And then there was Frantz Latten, who plays Brad, the one black student in this private school who was brought into the school to be a football player, and then when that didn’t work he was left behind. I wanted to have a moment in the film where you would actually understand his experience, because no one else was going to care, and there was a lot of push back. So it got left out during the edit. And as we were cutting the film together, something felt missing. He has to be able to say who he is because nobody’s going to listen to him. So we went back and shot Brad’s monologue. And I’m really proud of that segment. I want to stop the movie for two minutes, and I just want you to listen to what he has to say, and then you can go on and enjoy the rest of the film. And then Frantz is the guy, of course, who in the middle of the pool scene leaps in and does a cannonball in his underwear. You want to give people an opportunity, and then you can sneak in a little bit and say something you want to say, that’s really that’s what I’m most proud of.
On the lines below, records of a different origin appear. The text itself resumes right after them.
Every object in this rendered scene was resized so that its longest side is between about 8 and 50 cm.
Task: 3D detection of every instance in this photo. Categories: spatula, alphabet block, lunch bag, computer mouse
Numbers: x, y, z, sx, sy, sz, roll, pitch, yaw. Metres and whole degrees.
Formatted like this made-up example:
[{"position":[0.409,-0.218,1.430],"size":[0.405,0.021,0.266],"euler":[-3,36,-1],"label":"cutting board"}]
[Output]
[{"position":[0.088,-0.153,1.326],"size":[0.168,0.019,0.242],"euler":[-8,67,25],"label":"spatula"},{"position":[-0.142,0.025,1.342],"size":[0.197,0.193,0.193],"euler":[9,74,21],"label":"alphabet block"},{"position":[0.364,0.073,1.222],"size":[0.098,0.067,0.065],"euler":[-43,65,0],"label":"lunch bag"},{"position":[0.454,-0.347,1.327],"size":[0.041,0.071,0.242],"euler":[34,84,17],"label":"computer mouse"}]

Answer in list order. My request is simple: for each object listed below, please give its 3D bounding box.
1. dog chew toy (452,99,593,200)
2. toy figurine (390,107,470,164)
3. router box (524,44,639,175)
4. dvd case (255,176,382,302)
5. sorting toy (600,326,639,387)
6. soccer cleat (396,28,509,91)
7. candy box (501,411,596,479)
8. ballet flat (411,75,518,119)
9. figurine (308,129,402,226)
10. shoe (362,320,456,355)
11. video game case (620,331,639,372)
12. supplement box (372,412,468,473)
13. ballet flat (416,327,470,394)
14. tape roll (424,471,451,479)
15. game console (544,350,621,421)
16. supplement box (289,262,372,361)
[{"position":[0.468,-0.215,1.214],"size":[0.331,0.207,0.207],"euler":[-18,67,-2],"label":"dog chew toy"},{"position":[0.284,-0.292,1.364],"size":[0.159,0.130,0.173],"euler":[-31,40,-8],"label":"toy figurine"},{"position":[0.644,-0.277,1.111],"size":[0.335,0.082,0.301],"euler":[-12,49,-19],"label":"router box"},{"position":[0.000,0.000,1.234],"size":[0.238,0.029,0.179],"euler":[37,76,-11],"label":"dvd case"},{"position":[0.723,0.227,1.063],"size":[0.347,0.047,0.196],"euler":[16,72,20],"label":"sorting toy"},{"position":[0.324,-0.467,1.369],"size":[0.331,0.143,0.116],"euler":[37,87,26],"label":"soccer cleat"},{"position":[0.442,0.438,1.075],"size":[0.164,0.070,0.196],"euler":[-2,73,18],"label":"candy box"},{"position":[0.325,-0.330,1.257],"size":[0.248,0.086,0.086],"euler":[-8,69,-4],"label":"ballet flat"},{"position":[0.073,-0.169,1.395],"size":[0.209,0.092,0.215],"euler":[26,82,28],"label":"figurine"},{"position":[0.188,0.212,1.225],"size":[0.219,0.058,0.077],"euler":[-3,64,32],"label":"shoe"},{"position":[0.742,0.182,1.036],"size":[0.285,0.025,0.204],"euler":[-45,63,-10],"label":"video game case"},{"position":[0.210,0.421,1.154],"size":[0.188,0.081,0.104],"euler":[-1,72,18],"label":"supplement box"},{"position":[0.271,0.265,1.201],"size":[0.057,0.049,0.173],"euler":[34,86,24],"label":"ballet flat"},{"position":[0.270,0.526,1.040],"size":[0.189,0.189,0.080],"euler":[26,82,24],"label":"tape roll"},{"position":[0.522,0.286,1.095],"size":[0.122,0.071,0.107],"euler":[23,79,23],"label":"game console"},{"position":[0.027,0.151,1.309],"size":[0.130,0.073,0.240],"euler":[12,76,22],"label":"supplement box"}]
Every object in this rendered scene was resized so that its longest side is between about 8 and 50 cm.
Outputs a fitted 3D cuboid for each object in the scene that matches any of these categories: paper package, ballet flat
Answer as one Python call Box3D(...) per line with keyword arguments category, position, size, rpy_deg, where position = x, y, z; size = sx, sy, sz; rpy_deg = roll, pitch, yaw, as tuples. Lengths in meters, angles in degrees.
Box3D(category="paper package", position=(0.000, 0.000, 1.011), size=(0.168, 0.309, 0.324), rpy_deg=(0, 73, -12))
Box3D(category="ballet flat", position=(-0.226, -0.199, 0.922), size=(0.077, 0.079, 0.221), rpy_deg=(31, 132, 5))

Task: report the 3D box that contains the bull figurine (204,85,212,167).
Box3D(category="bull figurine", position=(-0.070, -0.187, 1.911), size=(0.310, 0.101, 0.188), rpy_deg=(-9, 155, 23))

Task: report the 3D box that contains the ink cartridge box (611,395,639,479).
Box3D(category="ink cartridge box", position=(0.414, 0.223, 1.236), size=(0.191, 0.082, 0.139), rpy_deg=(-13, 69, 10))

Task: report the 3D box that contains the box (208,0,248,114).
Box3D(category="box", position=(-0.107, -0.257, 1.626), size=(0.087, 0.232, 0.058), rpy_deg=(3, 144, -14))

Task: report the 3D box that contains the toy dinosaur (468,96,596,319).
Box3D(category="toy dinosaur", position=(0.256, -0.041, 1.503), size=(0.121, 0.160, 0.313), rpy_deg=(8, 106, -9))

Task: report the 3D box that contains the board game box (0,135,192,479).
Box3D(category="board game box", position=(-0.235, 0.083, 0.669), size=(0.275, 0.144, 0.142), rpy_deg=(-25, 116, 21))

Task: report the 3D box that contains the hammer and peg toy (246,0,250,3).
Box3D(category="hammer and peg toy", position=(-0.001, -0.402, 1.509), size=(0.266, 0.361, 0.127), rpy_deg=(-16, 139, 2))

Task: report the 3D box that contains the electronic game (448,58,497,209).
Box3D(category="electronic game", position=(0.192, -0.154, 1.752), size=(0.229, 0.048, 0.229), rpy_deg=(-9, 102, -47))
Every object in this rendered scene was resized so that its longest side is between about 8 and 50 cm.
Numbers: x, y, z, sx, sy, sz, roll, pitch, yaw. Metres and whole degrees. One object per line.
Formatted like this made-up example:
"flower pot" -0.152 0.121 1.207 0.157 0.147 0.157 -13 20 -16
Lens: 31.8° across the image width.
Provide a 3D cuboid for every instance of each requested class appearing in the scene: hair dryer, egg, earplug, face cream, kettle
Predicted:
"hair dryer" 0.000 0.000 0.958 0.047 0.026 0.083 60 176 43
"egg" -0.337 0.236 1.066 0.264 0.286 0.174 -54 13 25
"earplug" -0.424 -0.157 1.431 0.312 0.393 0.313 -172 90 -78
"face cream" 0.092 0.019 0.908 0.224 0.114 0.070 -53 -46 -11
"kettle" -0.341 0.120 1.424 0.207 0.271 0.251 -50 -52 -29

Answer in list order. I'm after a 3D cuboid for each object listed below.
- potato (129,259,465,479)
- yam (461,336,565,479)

You have this line near the end, where Guy says something to the effect of, “You all wanted me to be who you wanted me to be. I wasn’t allowed to be me. You never gave me that chance.” It’s a powerful line in the context of the film, but it also hits hard in our cultural moment where we live on digital platforms and we’re avatars and reflections of what others expect us to be rather than ourselves.

That’s fantastic if you got that from that moment, because the thing about that story for him, the real tragedy is nobody cares who he is. I got to that end point and thought, “What are we going to do here?” He’s going to actually tell them who he is, and they’re going to hate him. They don’t want that version, whatever he is, if he’s not what they want. They are going to destroy him. And if we had more money, that would have really been a crucifixion. That’s what people do. They don’t really want to know who you are. They just want something comfortable for themselves.

I want people to be able to decide who they would identify with. Everybody gets a piece of one person or another. Everybody knows what it’s like to fail on the biggest stage, everybody knows what it’s like to be an outsider—even the people on the inside and the strivers know what it’s like to just try and hold people together when they just won’t row in the same direction. So I’m really glad when people bring something like that, and that to me has been the most gratifying because I think in this digital world we don’t really listen to each other. We barely listen to ourselves. We’re so busy trying to figure out what is expected of us, what success is supposed to be, we barely recognize ourselves when we look in the mirror. That’s why I have those one or two moments with Guy looking in a mirror. I want him to see what he looks like when he’s being an imposter because the rest of the movie is just a mirror of, “We’ve decided who you are, so please like us.”

And you can see how intoxicating it is for someone who is a nobody and lives this life of complete rejection to find something close to acceptance.

That was the other trick. I thought wow, how are we going to do this? We’re going to ask people to root for somebody who’s a fake, and he could opt out at any time but he just doesn’t because he enjoys it. So you have to start him at the lowest point you could possibly get. And what I decided as a storyteller is, I’m going to put him in a morgue. I’m going to put him in an embalming room and I’m going to have him dancing to himself. And if that doesn’t get you, I’m going to have him talking to dead people. And if that doesn’t get you, I’m going to get him—maybe there’s too much formaldehyde, which does happen; there’s a lot of chemicals in an embalming room—where he imagines what his future is going to be. And that’s going to allow you to just give him a fighting chance. That’s why you actually can care a little bit about him.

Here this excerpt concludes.